+++ Exercise inputs +++
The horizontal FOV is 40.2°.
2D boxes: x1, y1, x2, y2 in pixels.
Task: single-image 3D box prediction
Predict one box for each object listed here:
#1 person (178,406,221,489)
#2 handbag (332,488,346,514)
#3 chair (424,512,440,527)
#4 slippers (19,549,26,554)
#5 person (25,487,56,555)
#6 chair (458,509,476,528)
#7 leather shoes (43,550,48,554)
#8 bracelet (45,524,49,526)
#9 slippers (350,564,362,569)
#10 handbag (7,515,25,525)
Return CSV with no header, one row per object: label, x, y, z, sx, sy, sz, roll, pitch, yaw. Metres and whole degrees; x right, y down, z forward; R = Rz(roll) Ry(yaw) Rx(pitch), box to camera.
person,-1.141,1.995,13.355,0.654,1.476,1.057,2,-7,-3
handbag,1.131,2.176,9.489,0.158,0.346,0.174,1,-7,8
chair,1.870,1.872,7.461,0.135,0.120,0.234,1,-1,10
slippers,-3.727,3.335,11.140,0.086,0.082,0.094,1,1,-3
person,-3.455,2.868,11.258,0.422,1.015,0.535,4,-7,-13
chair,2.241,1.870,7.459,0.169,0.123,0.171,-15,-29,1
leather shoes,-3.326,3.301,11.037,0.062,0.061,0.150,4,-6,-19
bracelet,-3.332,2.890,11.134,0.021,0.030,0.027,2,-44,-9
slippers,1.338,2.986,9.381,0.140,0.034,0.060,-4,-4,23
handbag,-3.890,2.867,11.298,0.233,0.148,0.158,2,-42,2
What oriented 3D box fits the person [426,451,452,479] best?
+++
» Exercise aim:
Give the data again, unchanged in every line.

» Problem solution:
The horizontal FOV is 40.2°.
2D boxes: x1, y1, x2, y2 in pixels.
Task: single-image 3D box prediction
Predict one box for each object listed here:
#1 person (178,406,221,489)
#2 handbag (332,488,346,514)
#3 chair (424,512,440,527)
#4 slippers (19,549,26,554)
#5 person (25,487,56,555)
#6 chair (458,509,476,528)
#7 leather shoes (43,550,48,554)
#8 bracelet (45,524,49,526)
#9 slippers (350,564,362,569)
#10 handbag (7,515,25,525)
Return CSV with no header, one row per object: label, x, y, z, sx, sy, sz, roll, pitch, yaw. Metres and whole degrees; x right, y down, z forward; R = Rz(roll) Ry(yaw) Rx(pitch), box to camera.
person,-1.141,1.995,13.355,0.654,1.476,1.057,2,-7,-3
handbag,1.131,2.176,9.489,0.158,0.346,0.174,1,-7,8
chair,1.870,1.872,7.461,0.135,0.120,0.234,1,-1,10
slippers,-3.727,3.335,11.140,0.086,0.082,0.094,1,1,-3
person,-3.455,2.868,11.258,0.422,1.015,0.535,4,-7,-13
chair,2.241,1.870,7.459,0.169,0.123,0.171,-15,-29,1
leather shoes,-3.326,3.301,11.037,0.062,0.061,0.150,4,-6,-19
bracelet,-3.332,2.890,11.134,0.021,0.030,0.027,2,-44,-9
slippers,1.338,2.986,9.381,0.140,0.034,0.060,-4,-4,23
handbag,-3.890,2.867,11.298,0.233,0.148,0.158,2,-42,2
What oriented 3D box fits the person [426,451,452,479] best?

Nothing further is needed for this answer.